The Dead Mule School of Southern Literature

JoAnn Williams: White Tee Shirts (memoir)

Essays
Southern Legitimacy Statement: I am a sixth generation Texan and proud of it. I am not proud of the current set of Texas’ elected representatives. I believe anyone who does not believe that grits are a gourmet food choice has a major character flaw.

White Tee Shirts

I didn’t know there was a dress code for dying.  Mama lay dying, and here I was in Target shopping for white tee shirts. The hospice nurse said Mama would be more comfortable wearing tee shirts. She said to buy a dozen.
The last few years of her life, we tried to avoid the old woman active wear, leisure suit fashion statement. Drab black is depressing and tends to make one look cronish.  She was small and finding clothes for her was challenging.  Clothes in the girl’s department at Target fit perfectly, but it is difficult finding suitable attire for a child sized octogenarian.  Too cute tee shirts that said “Daddy’s money” didn’t seem appropriate. Ripped pink bejeweled jeans were a definite no. It was a delicate balance to maintain dignity and avoid the bizarre.
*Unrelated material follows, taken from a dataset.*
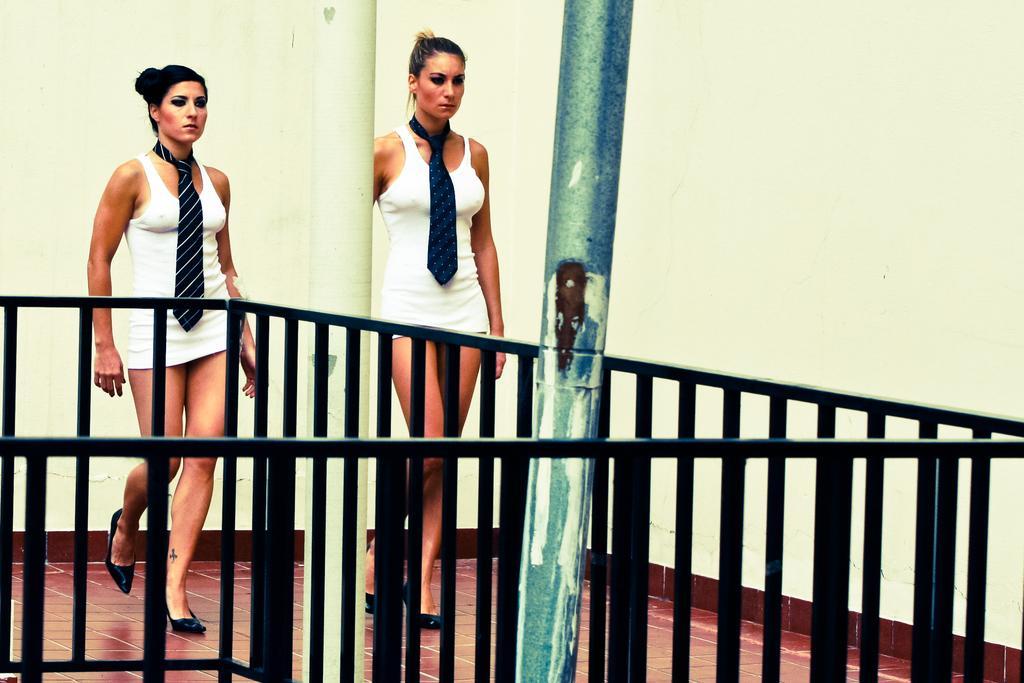Can you describe this image briefly? This image is taken indoors. In the background there is a wall. In the middle of the image two women are walking on the floor. There is a pillar. There is a railing and there is a pole. 
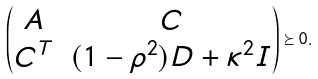Convert formula to latex. <formula><loc_0><loc_0><loc_500><loc_500>\begin{pmatrix} A & C \\ C ^ { T } & ( 1 - \rho ^ { 2 } ) D + \kappa ^ { 2 } I \\ \end{pmatrix} \succeq 0 .</formula>

We discovered if her caregivers were excited about her clothes, she got a bit of extra attention, bringing support to the theory that clothes make the woman.
Mama’s approaching death came as no surprise. We watched as she slipped away bit by bit every day. By now, the healthy meal ship had sailed and she ate whatever she wanted to maintain calorie intake. On this day, seconds after she had finished a small portion of the SpaghettiOs she loved for lunch, the nurse indicated it was time for us to say our good-byes. How could this be happening? One minute a person is eating lunch and a flash second later prepares to die? I felt like a character in a Quentin Tarantino movie.
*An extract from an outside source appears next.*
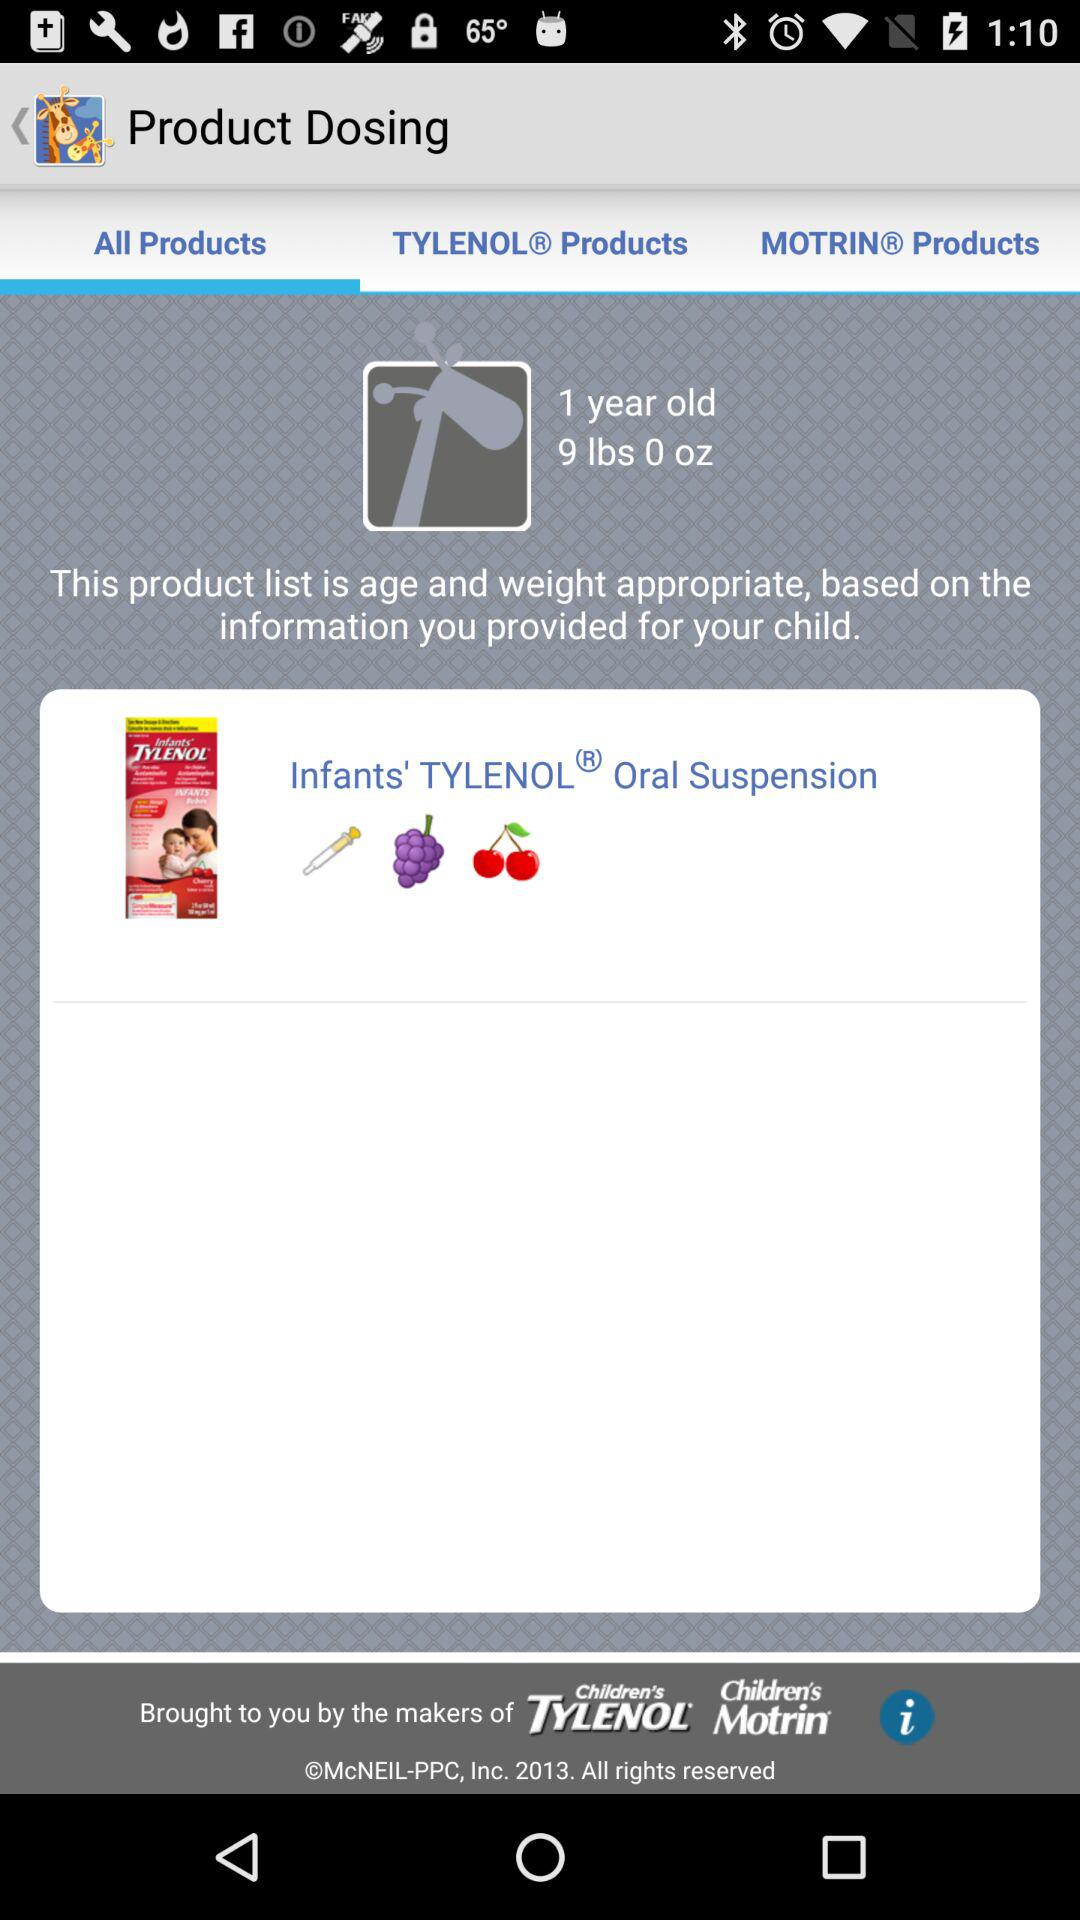How many years old is the child? The child is 1 year old.

This was too much to ask. What kind of person sends you to a big box store to buy clothes for your Mama when she is dying?  Had I failed to read about this in the instructions the hospice social worker provides for the family?  
The ghost of someone who looked like me walked through Target to the boy’s department; there were no plain white tee shirts in the girl’s section. Should I get crew neck or v-neck shirts, not that it would make a difference? Maybe if I just left and didn’t buy the tee shirts, she wouldn’t die. But, was that fair? Mama had said many times; she was ready to go.  Was it proper to her to dress her in a tacky white tee shirt for occasion? Mama always wore big earrings; shouldn’t she be wearing those too?
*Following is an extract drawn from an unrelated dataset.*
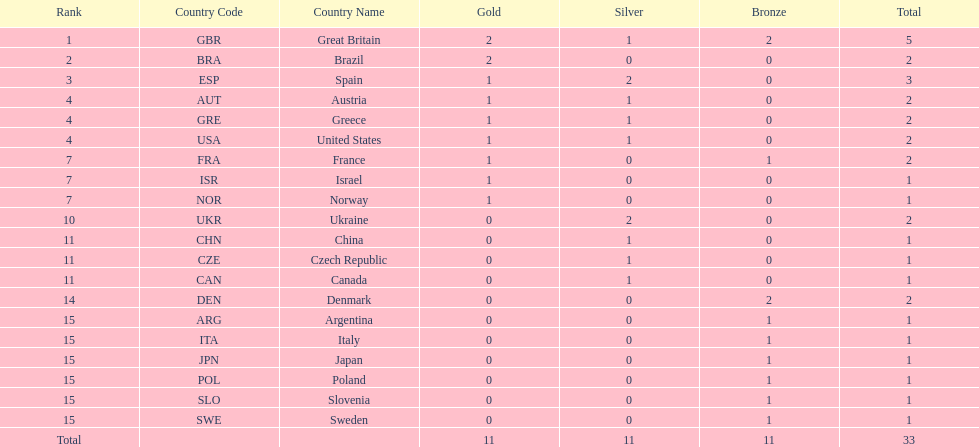How many countries won at least 2 medals in sailing? 9.

I gathered the tee shirts in the appropriate size and began to count; maybe if I bought two dozen she would rally long enough for us to have one last visit. I loitered around the tee shirt section postponing the purchase for as long as possible. Could I actually follow through with this and not dissolve into a messy wreck at the checkout counter?
Then I heard Mama remark that it was a waste of time and money to buy clothes for an event that would be short lived. Leave it to her to add a bit of levity just when I needed it.
I delivered the dozen tee shirts that Mama would wear as she began her journey to a different place. There are all sorts of palliative care resources to guide one through the process of a parent’s death.
The problem is—–no one tells you about the white tee shirts.